A 3-D printer can be used to create a gun frame, which is the only individual part of a firearm that federal law regulates, and then assemble a working firearm by equipping it with commercially made aftermarket components that are not regulated, including the slide, barrel, and trigger mechanism, Mr. Chittum said.
The Pennsylvania authorities said Mr. Mangione’s pistol had a plastic handle, a metal slide and a threaded metal barrel.
The authorities say the weapon appeared to match the one seen in grainy surveillance video of the killing that circulated widely. It had a distinctive suppressor attached to the barrel, prompting conjecture that the shooter might be a professional hit man.
In the surveillance video, the shooter exhibits familiarity and proficiency with the weapon, appearing to clear a jam at one point and resuming his fatal fire.
The authorities have not said that Mr. Mangione made the gun he was found with. But there are an increasing number of do-it-yourself gun makers, some of whom are skirting the law.
People prohibited from owning guns, like felons, can readily obtain ghost guns, which do not bear serial numbers, unlike firearms made by companies and bought from licensed dealers.
Tracing a ghost gun’s bullets in criminal investigations can be difficult.

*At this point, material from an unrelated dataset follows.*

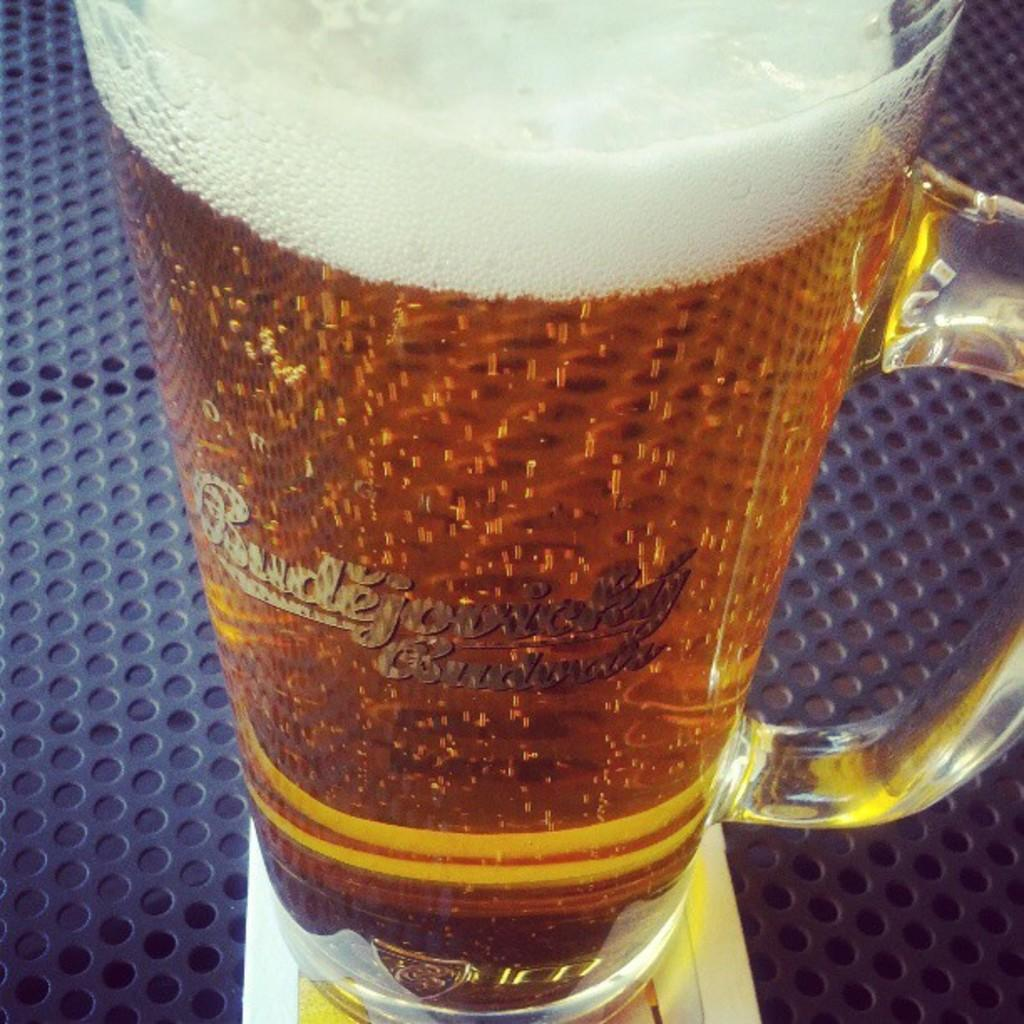Provide a one-sentence caption for the provided image. On a metal surface painted blue and full of holes sits a tall mug of Budejovicky. 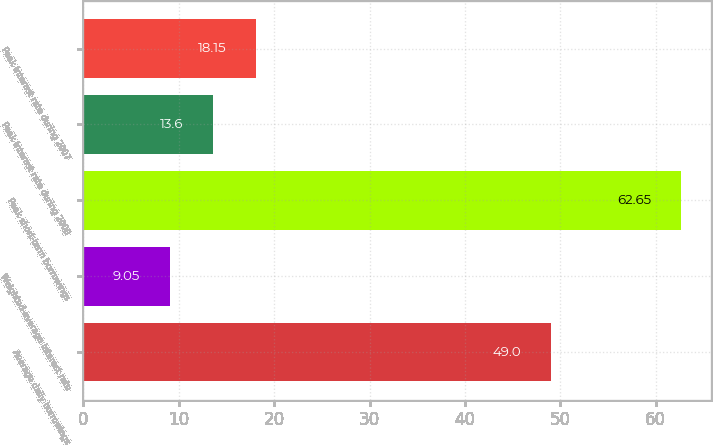<chart> <loc_0><loc_0><loc_500><loc_500><bar_chart><fcel>Average daily borrowings<fcel>Weighted-average interest rate<fcel>Peak short-term borrowings<fcel>Peak interest rate during 2008<fcel>Peak interest rate during 2007<nl><fcel>49<fcel>9.05<fcel>62.65<fcel>13.6<fcel>18.15<nl></chart>

The gun taken from Mr. Mangione had a loaded Glock magazine with six 9-millimeter full metal jacket rounds, and he also had one loose 9-millimeter hollow-point round, according to a criminal complaint filed in Pennsylvania.
Three-dimensional printing makes it much easier for the average person to quickly and cheaply build gun components.
Plans for creating homemade guns are available online. Makers often share their plans online with other enthusiasts.
A handwritten document found on Mr. Mangione downplayed the difficulty of planning the shooting as a “fairly trivial” process that included “basic CAD,” an apparent reference to the computer-aided design software behind the 3-D printing process.